Financial statement frauds by listed firms pose significant challenges to public investors and jeopardize the stability of financial markets. Previous studies have identified deceptive verbal and vocal cues from earnings conference calls as indicators of financial statement fraud. However, these studies only extracted managers' verbal and vocal cues separately over the entire call, neglecting the utterance-level fusion between verbal and vocal cues as well as the multi-turn interaction between analysts and managers. To fill this gap, we develop a novel end-to-end contrastive multimodal dialogue network (CMMD) that considers both verbal-vocal fusion and multi-role interactions to uncover hidden deceptive cues in earnings conference calls. The proposed model comprises two core modules, namely, the Multimodal Fusion Learning module and the Dialogue Interaction Learning module. Building on Vrij's verbal-nonverbal complementary mechanisms in deception detection, the designed Multimodal Fusion Learning employs contrastive learning to align verbal and vocal cues and a co-attention mechanism to learn cross-modal interaction. Inspired by the Interpersonal Deception Theory that emphasizes the dynamic interaction process between deceivers and targets, the Dialogue Interaction Learning utilizes a dialogue-aware co-attention mechanism to model multi-turn analyst-manager interaction and uses contrastive learning to improve dialogue representations. Our extensive empirical results show that CMMD achieves 8.64 % improvement in detecting fraudulent cases compared to the best baseline model. As such, our study advances the research frontier in fraud detection and contributes an innovative IT artifact in practice.

查看原文本刊更多论文

财报电话会议能说更多谎言吗？一种用于高级财务报表欺诈检测的对比多模式对话网络

上市公司财务报表舞弊对公众投资者构成重大挑战，并危及金融市场的稳定。先前的研究已经确定了来自盈利电话会议的欺骗性口头和口头线索，作为财务报表欺诈的指标。然而，这些研究只是在整个电话会议中分别提取了管理者的言语和声音线索，而忽略了言语和声音线索在话语层面的融合以及分析师与管理者之间的多回合互动。为了填补这一空白，我们开发了一种新颖的端到端对比多模态对话网络（CMMD），该网络考虑了语言-语音融合和多角色互动，以发现财报电话会议中隐藏的欺骗性线索。该模型包括两个核心模块，即多模态融合学习模块和对话交互学习模块。基于Vrij在欺骗检测中的语言-非语言互补机制，设计的多模态融合学习采用对比学习来对齐语言和声音线索，并采用共同注意机制来学习跨模态交互。受人际欺骗理论的启发，强调欺骗者与目标之间的动态互动过程，对话互动学习利用对话感知的共同注意机制来模拟多回合分析者与管理者之间的互动，并利用对比学习来改进对话表征。我们广泛的实证结果表明，与最佳基线模型相比，CMMD在检测欺诈案件方面实现了8.64%的提高。因此，我们的研究推动了欺诈检测的研究前沿，并在实践中贡献了创新的IT工件。

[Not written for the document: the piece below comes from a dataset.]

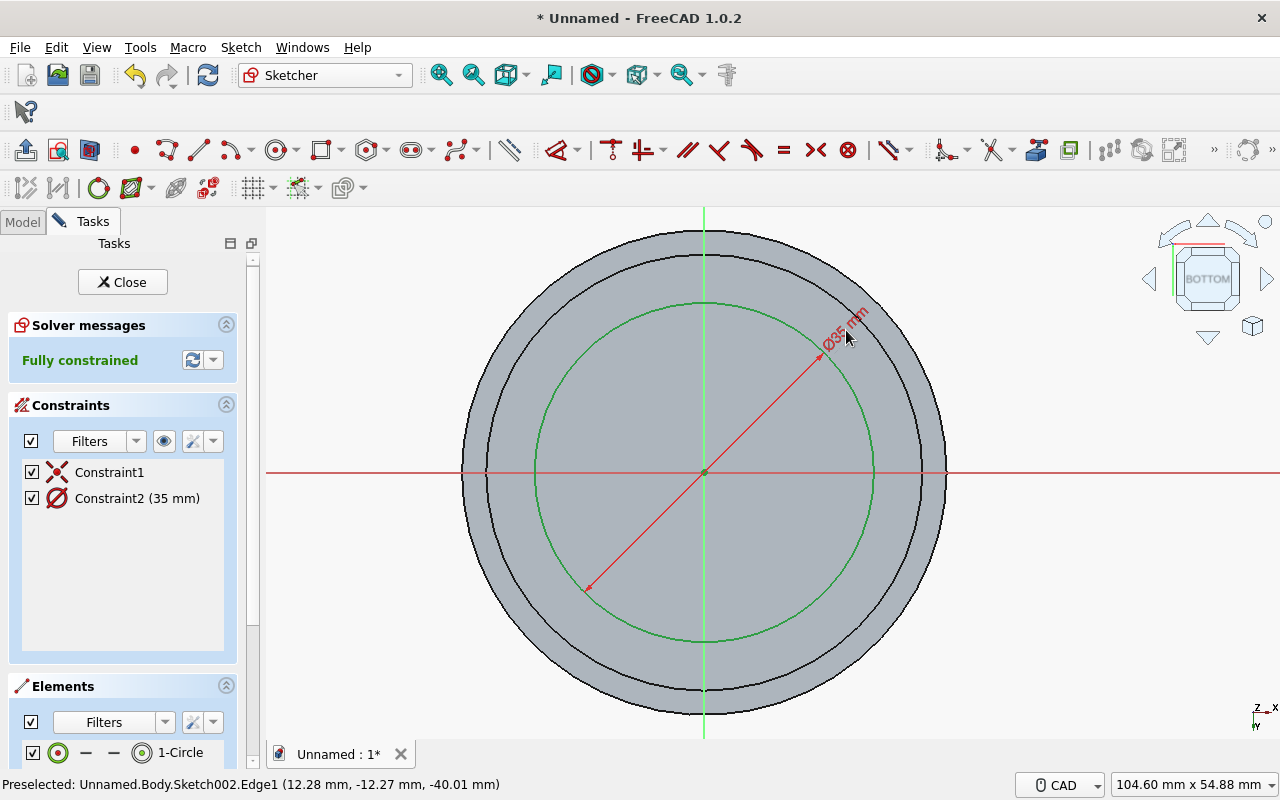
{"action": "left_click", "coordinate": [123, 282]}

本文章由计算机程序翻译，如有差异，请以英文原文为准。

求助全文

约1分钟内获得全文求助全文

来源期刊

Decision Support Systems 工程技术-计算机：人工智能

CiteScore

14.70

自引率

6.70%

发文量

119

审稿时长

13 months

期刊介绍： The common thread of articles published in Decision Support Systems is their relevance to theoretical and technical issues in the support of enhanced decision making. The areas addressed may include foundations, functionality, interfaces, implementation, impacts, and evaluation of decision support systems (DSSs).